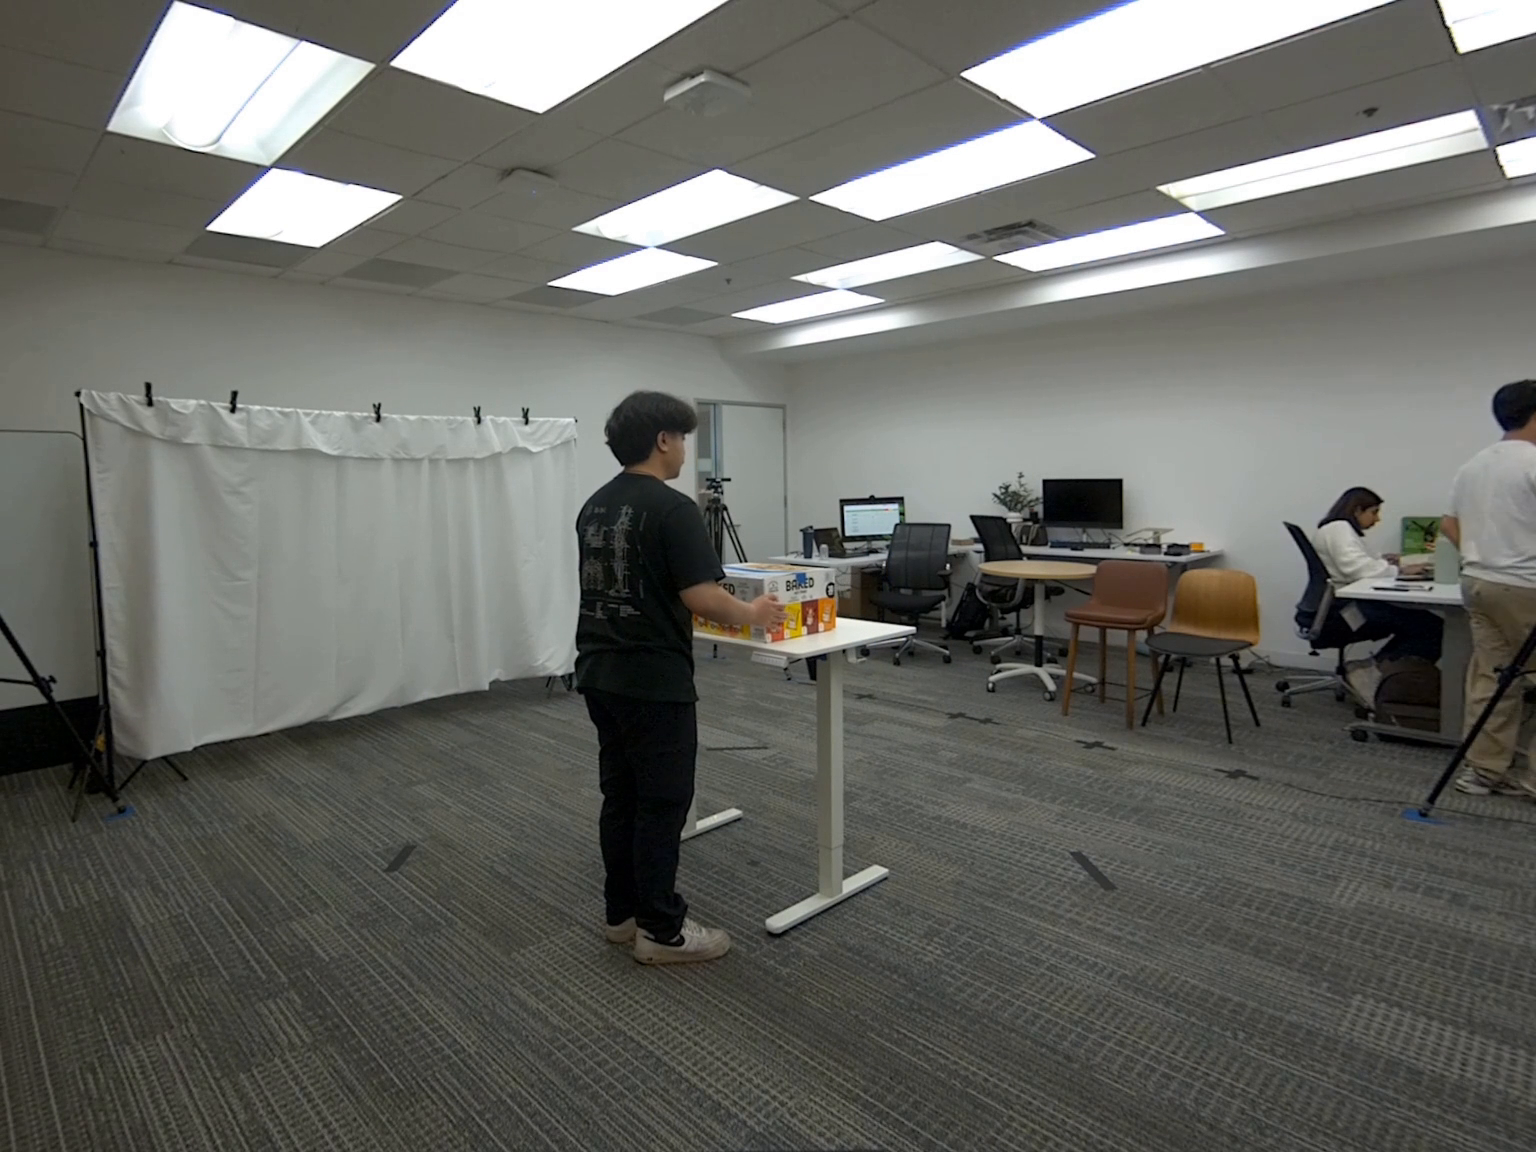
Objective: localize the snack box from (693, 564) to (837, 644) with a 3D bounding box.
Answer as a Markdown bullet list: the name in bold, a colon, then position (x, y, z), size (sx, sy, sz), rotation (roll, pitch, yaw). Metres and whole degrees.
- **snack box**: position (-0.037, 0.078, 2.886), size (0.417, 0.205, 0.331), rotation (4, 7, 45)
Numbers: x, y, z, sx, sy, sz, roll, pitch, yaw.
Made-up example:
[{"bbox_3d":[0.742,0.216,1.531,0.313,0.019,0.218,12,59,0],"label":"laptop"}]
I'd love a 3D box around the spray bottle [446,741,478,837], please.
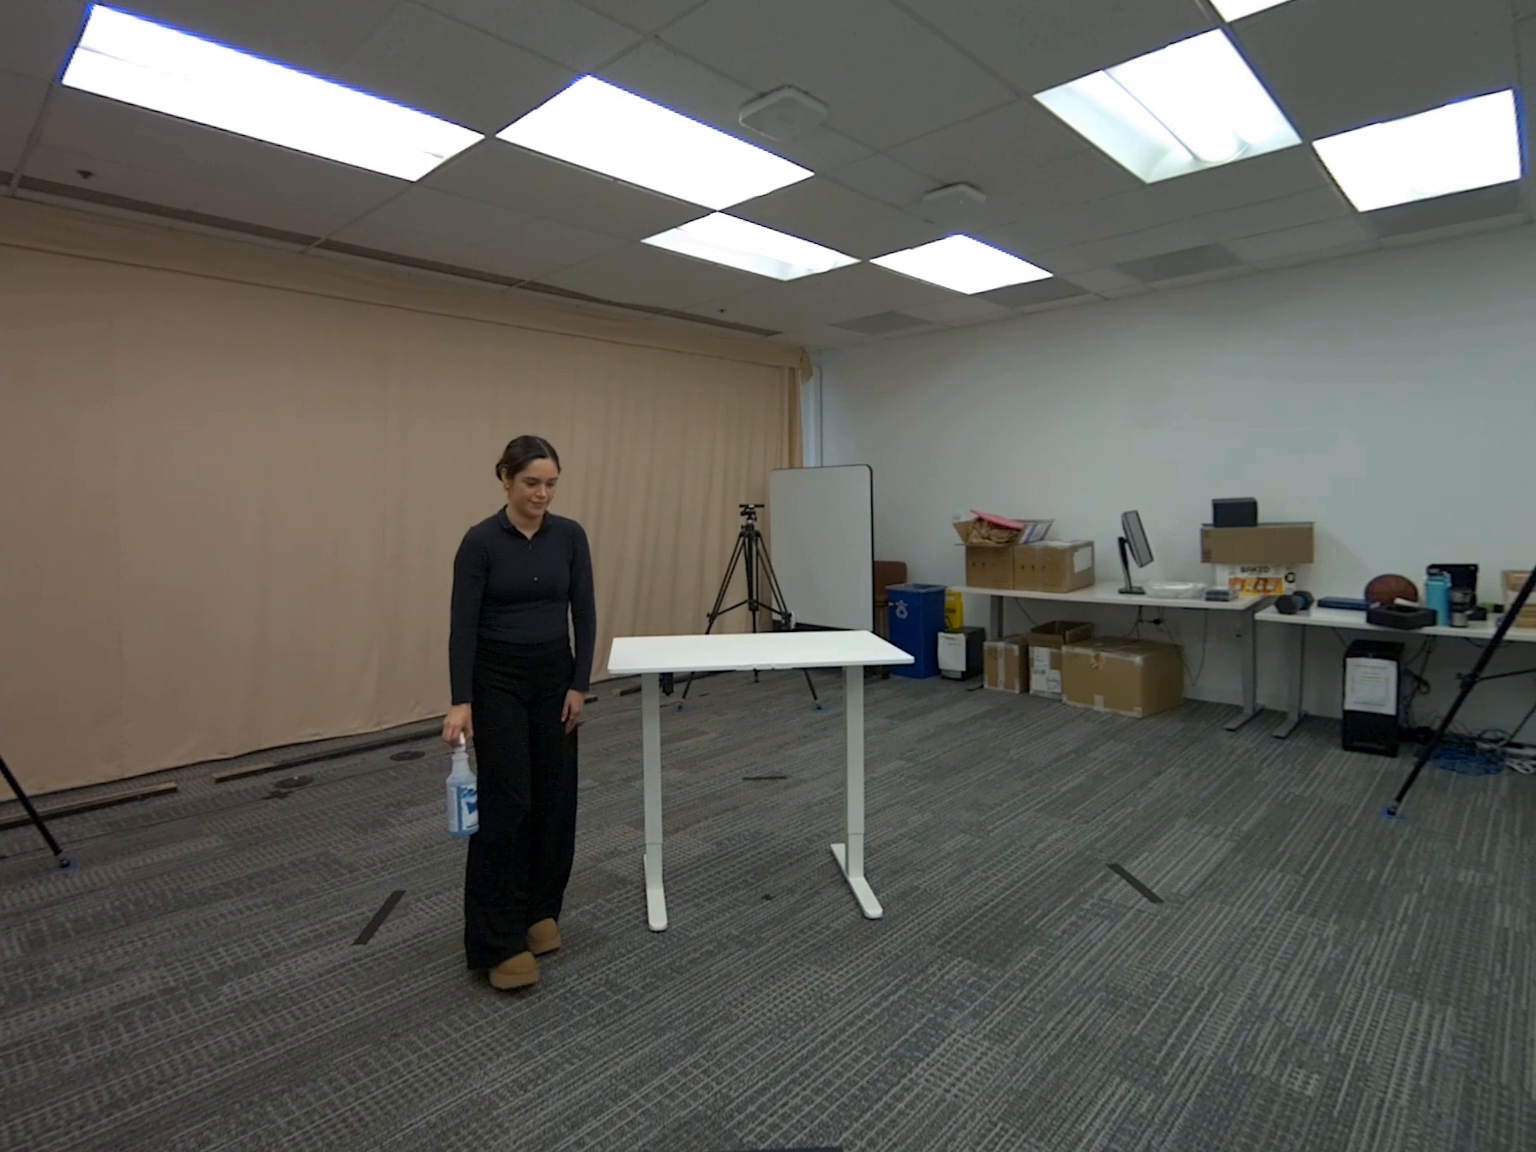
[{"bbox_3d":[-0.900,0.610,2.489,0.086,0.298,0.091,-4,-3,-10],"label":"spray bottle"}]
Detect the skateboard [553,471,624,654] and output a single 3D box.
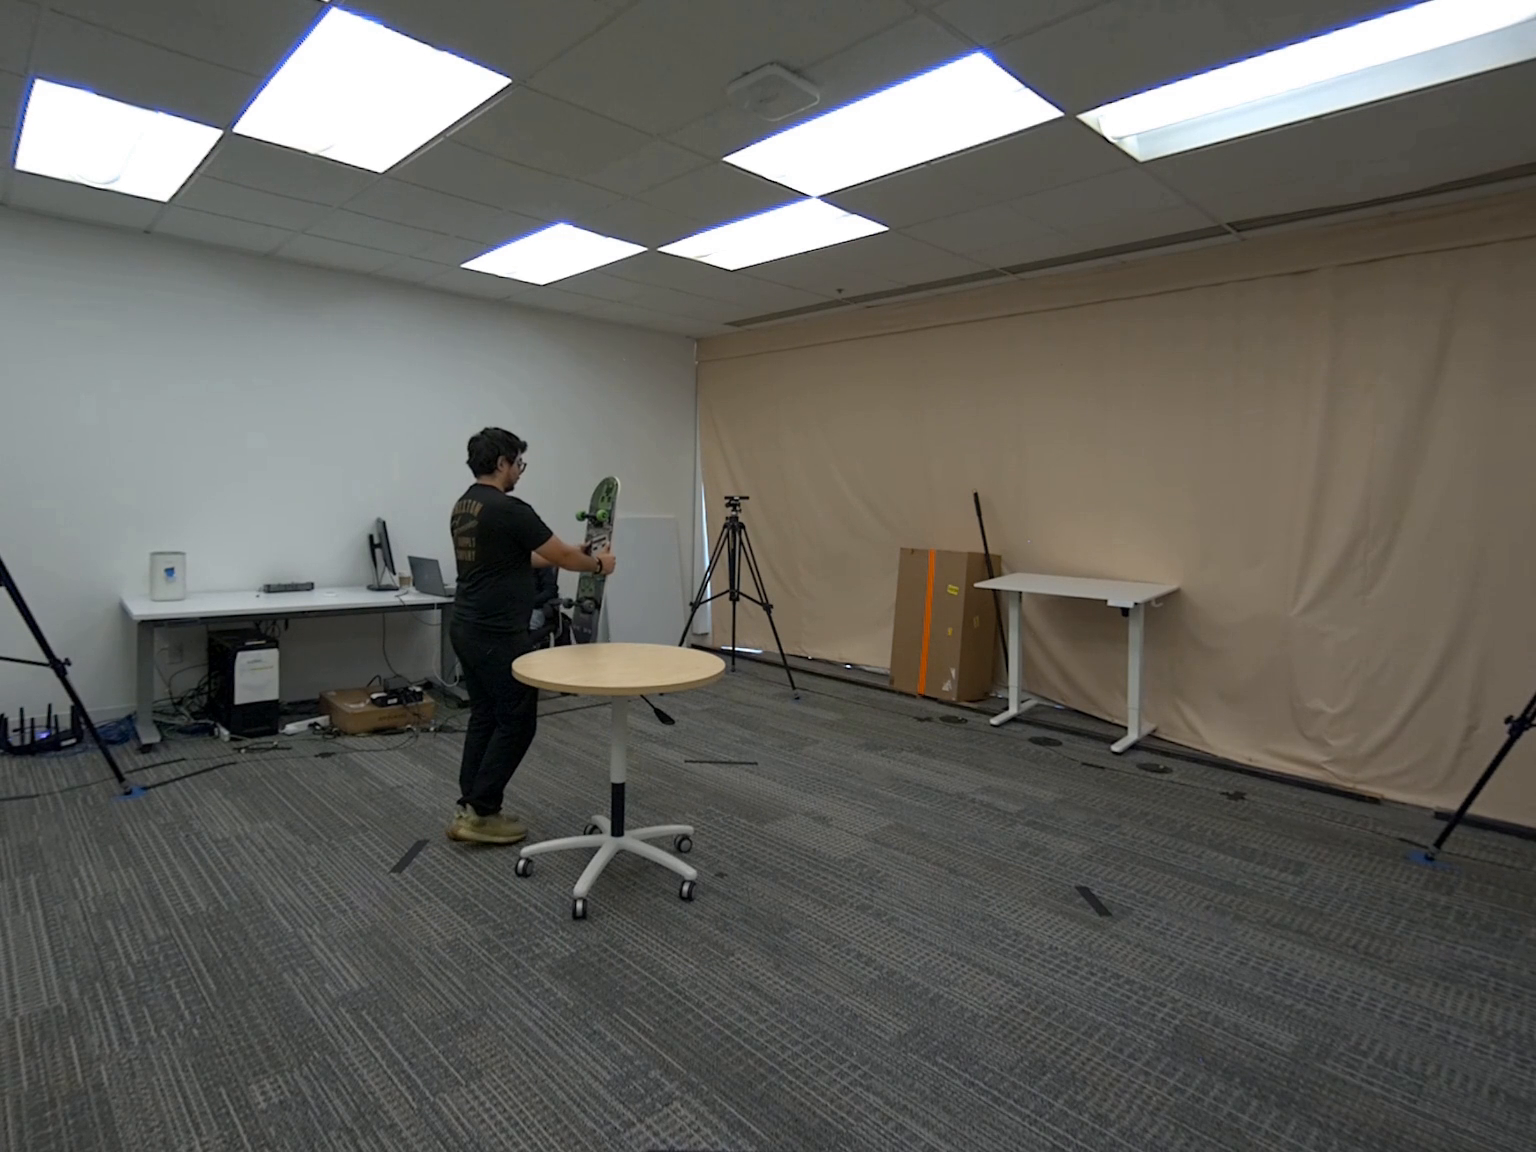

> [What you should do]: Without including any picture, reproduce the material above word for word.

> [Reply to the exercise]:
Objective: localize the snack box from (693, 564) to (837, 644) with a 3D bounding box.
Answer as a Markdown bullet list: the name in bold, a colon, then position (x, y, z), size (sx, sy, sz), rotation (roll, pitch, yaw). Metres and whole degrees.
- **snack box**: position (-0.037, 0.078, 2.886), size (0.417, 0.205, 0.331), rotation (4, 7, 45)
Numbers: x, y, z, sx, sy, sz, roll, pitch, yaw.
Made-up example:
[{"bbox_3d":[0.742,0.216,1.531,0.313,0.019,0.218,12,59,0],"label":"laptop"}]
I'd love a 3D box around the spray bottle [446,741,478,837], please.
[{"bbox_3d":[-0.900,0.610,2.489,0.086,0.298,0.091,-4,-3,-10],"label":"spray bottle"}]
Detect the skateboard [553,471,624,654] and output a single 3D box.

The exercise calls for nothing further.